Stored data entries:
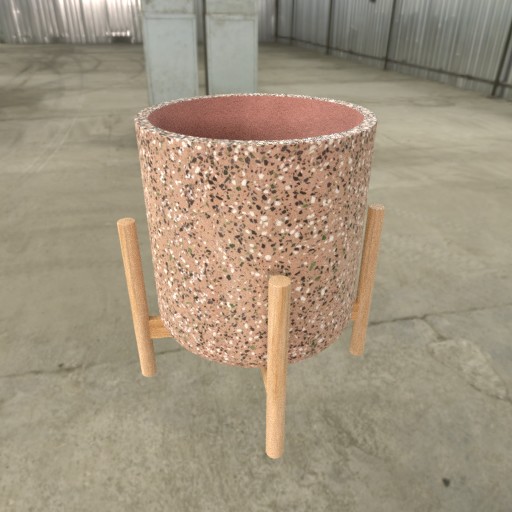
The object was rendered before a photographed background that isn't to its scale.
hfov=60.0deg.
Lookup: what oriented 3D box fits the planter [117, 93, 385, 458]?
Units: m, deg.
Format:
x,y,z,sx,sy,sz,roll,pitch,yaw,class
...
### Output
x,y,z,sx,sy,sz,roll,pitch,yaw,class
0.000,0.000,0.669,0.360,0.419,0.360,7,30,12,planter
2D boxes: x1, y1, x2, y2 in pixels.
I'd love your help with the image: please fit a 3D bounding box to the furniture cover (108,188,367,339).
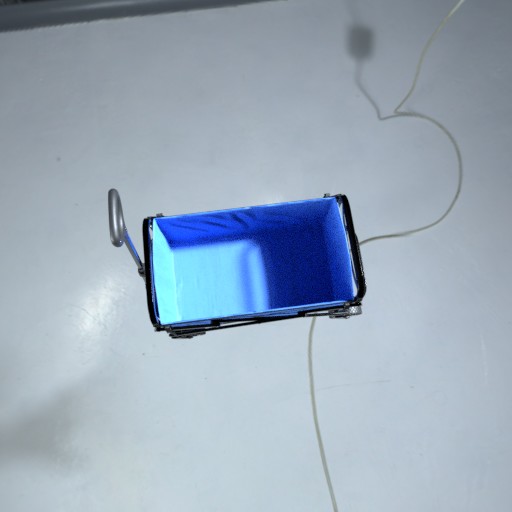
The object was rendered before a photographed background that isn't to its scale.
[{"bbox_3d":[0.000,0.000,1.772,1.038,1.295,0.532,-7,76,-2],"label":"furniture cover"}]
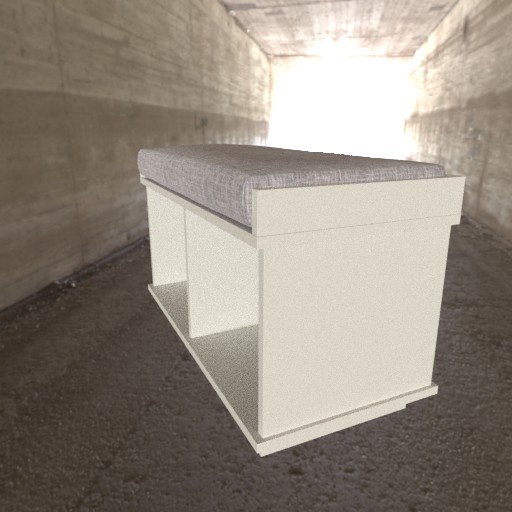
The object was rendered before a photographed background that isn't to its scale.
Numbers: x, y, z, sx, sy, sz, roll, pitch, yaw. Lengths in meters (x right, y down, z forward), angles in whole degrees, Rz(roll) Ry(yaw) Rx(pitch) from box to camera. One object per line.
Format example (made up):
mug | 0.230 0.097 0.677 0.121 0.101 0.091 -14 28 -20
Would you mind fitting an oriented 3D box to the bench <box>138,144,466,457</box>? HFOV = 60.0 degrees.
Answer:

==

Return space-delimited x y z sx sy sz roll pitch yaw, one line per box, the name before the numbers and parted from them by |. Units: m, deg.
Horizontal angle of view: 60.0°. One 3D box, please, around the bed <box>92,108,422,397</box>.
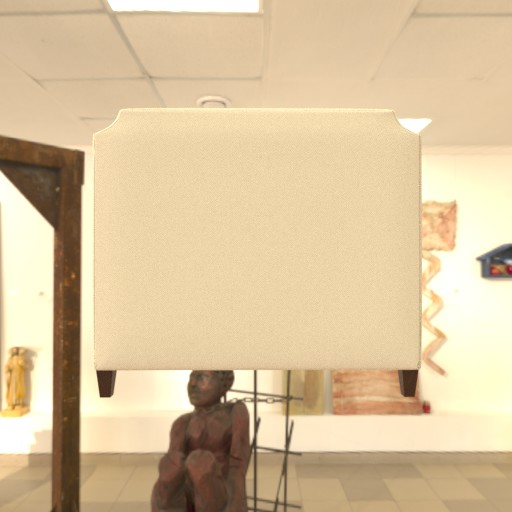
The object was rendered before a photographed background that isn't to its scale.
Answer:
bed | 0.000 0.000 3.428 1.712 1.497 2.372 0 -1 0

## Activity
Which lines in the entries above contain "Units"? Pull each of them out.

## Output below
Units: m, deg.
Return space-delimited x y z sx sy sz roll pitch yaw, one line per box, the name before the numbers and parted from them by |. Units: m, deg.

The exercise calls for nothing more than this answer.